Consolidated career to close

Merrilee Pawley, centre, hanging out with students Chloe, Elayne, Shaye, Edward and Adam. 57976 Merrilee Pawley, centre, hanging out with students Chloe, Elayne, Shaye, Edward and Adam. 57976

By Jade Lawton
MERRILEE Pawley’s last day at Pakenham Consolidated School on Friday will truly be the end of an era.
Mrs Pawley, who is retiring after 20 years teaching at the Pakenham primary school, has taught hundreds of kids.
But her links with the school go back even further than two decades. She attended Pakenham Consolidated herself, learning her a, b and c’s at PCS when the school was in Main Street.
Her mother, Nina Keys, went to Pakenham Primary School, one of the precursors to the consolidated school.
“My mother used to talk about boys putting her pigtails in the inkwell,” Mrs Pawley said. “When I was in school we still had those inkwells.”
Mrs Pawley’s sister, Robyn, attended PCS, as did her children Jacqueline, Belinda and Nicholas and Robyn’s children Paula, Lauren and Bree. Mrs Pawley didn’t teach any of those six, as she was teaching with Minibah then, but she has seen hundreds of other locals go through primary school.
“The most enjoyable thing is to see the students progress through the school, to see how they develop and change,” Mrs Pawley said.
“The maturity they go through, it’s just a wonderful thing,”
Mrs Pawley’s teaching career began when she taught pre-school at Kooweerup in 1971. She then worked with special needs children at Minibah for at least 10 years and spent a year at Gembrook Primary School before starting at Pakenham in 1990.
She has taught every class from Prep to Grade 5, art to phys ed, but describes herself as “just a general run of the mill teacher.”
Mrs Pawley said she spots former students everywhere, including when she is doing the grocery shopping or just driving down the street.
“When you live in Pakenham and the students are in Pakenham you see quite a lot of them. It’s interesting,” she said. Highlights over the years include camps, which Mrs Pawley describes as ‘great fun’ and watching the profession develop.
“Teaching has changed, from just opening a book and having students copy it, to being all interactive whiteboards and high technology,” she said.

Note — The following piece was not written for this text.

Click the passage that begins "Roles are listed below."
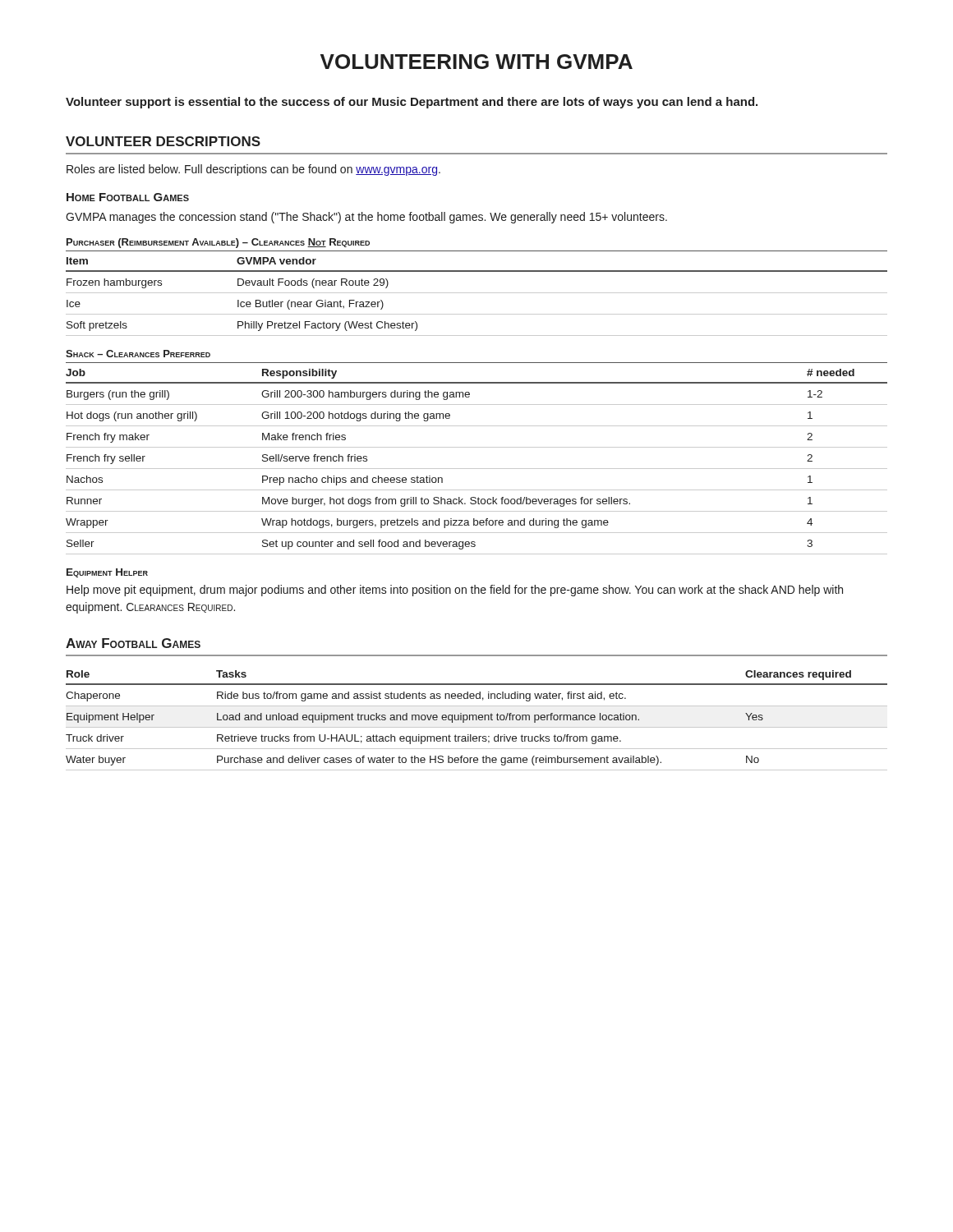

Her retirement will allow her more time to indulge in her passions, travel and photography. At the start of this year she took long service leave and travelled with husband Bruce from the bottom of South America to Canada. Africa and China are next on the itinerary.
“But I will miss the children and the comradeship with the teachers,” she said.
Although Mrs Pawley has three grandchildren, they live on the other side of Melbourne and will not continue the PCS connection.
Mrs Pawley plans to bow out with as little fanfare as possible.
“I think I’ll just go quietly,” she said.